Transitioning from PQA into a Story 2

Again, When the students are sitting there listening to PQA, it is like they are watching a still picture that we are adding details to. In PQA there is not a lot of cohesive action, where actual scenes unravel in our students’ minds. Everything is kind of static in PQA – the experience is like taking our students to a museum and showing them different non-moving objects.

When we do decide, usually on the spur of the moment there in the museum, to develop the PQA into little scenes, which I personally call “extending” PQA, we usually don’t extend it very far. Because if we do that (extend it very far), we find ourselves suddenly in a story.

Anyway, usually that kind of extending PQA into a story doesn’t work bc the story, being an extension of random CI (PQA), lacks pre-planned/targeted structures, and, for me at least, I don’t like to do stories that don’t have structures that I have gotten a lot of reps on first (they don’t work as well).

Compare this walking around the museum, with little extended scenes or not going on in there, with real stories, which is like leaving the museum and walking down the street with our classes to watch a real movie. The students now have a deeper, more compelling, set of images to relate to.

In the movie venue, facts and static images are replaced by action. The students want to know what is going to happen. This is big step. It is a whole new kind of comprehensible input, one that is more alive, one that has the potential to bring much greater interest. You know you are in this newer kind of CI when the students sit there and clearly could care less about anything except what happens next.

Sometimes, classes have ended and the kids don’t want to get kicked out of the movie theatre, as they were sitting there wanting to know what was going to happen next and realized that they had to go to their next class. That pisses them off and, when they walk out pissed, we know we have been doing good CI.

They sometimes start arguing among themselves about how that story would have ended if we had had the time to finish it.
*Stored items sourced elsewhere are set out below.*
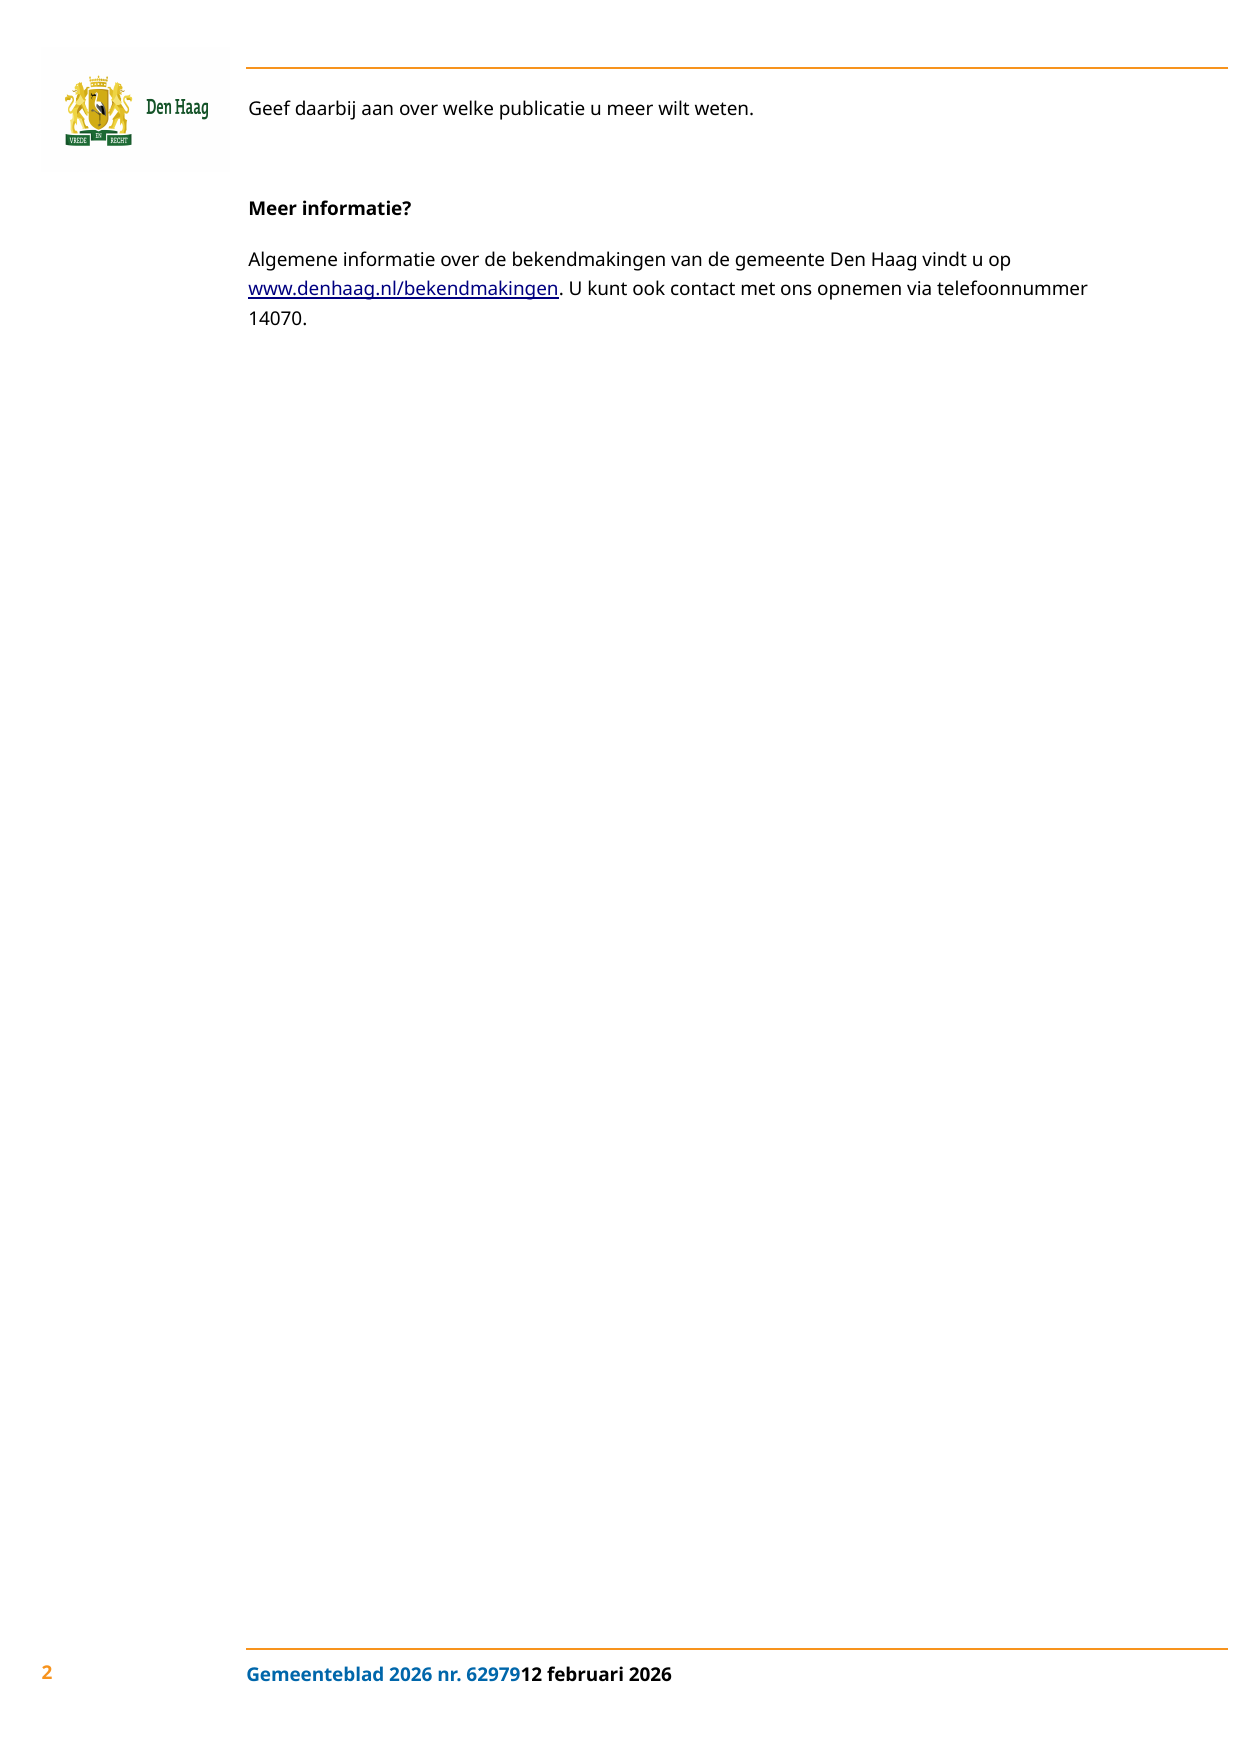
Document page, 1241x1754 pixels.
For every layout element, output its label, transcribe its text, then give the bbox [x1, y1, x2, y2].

text Geef daarbij aan over welke publicatie u meer wilt weten. [248, 95, 1152, 121]
text Algemene informatie over de bekendmakingen van de gemeente Den Haag vindt u op www.denhaag.nl/bekendmakingen. U kunt ook contact met ons opnemen via telefoonnummer 14070. [248, 246, 1152, 331]
picture [41, 47, 231, 172]
text Meer informatie? [248, 196, 1152, 221]

When we see them wanting to know what happens next, we learn something about this method that can’t be put into words.

Sometimes classes – the reallly good ones – actually rebel against too many details that I establish while circling a story into existence. They tell me that they really want to get some action going on, with less character description and details like that.  They are so right to complain!

They want to see less trees and more forest! We should learn how to drive a story forward “through the trees” to an end point without sacrificing comprehensible input.

For me that means finding an entry path into a forest (the story) and following it through to the other side without getting distracted by too many details (trees). This finding an entry path is the challenge in learning how and when to move into a story from PQA.

Finding the entry path into the story is a big topic. It depends on what was said and which certain students got involved in the PQA and how and when and even if that information carries the potential to be married to the story which is waiting to become personalized (therefore real to the kids) on the stage of the classroom, as it were.

Yet I don’t like to be in a hurry with the PQA, because not enough PQA will make the story weak bc not enough reps were there to build a solid foundation for the story. This is an often forgotten main function of PQA – to get reps on the target structures so that the waiting story can be strong and interesting.

Some classes, anxious to get on to the story, have actually come up with a sign for “Speed Up!” to signal me when I fall into “the pit filled with the trees”. It is a whirling motion with a finger in the air. It is their message for me to move from details (PQA) to action (story).

So, as always, my students are my teachers, telling me to dump the details and get on with the story!

Of course, any comprehensible input is effective, but this flowing from the right amount of PQA into a story, at the right time, is something that we just have to get a lot of practice on. Going from Step 1 to Step 2 of TPRS is quite an adventure!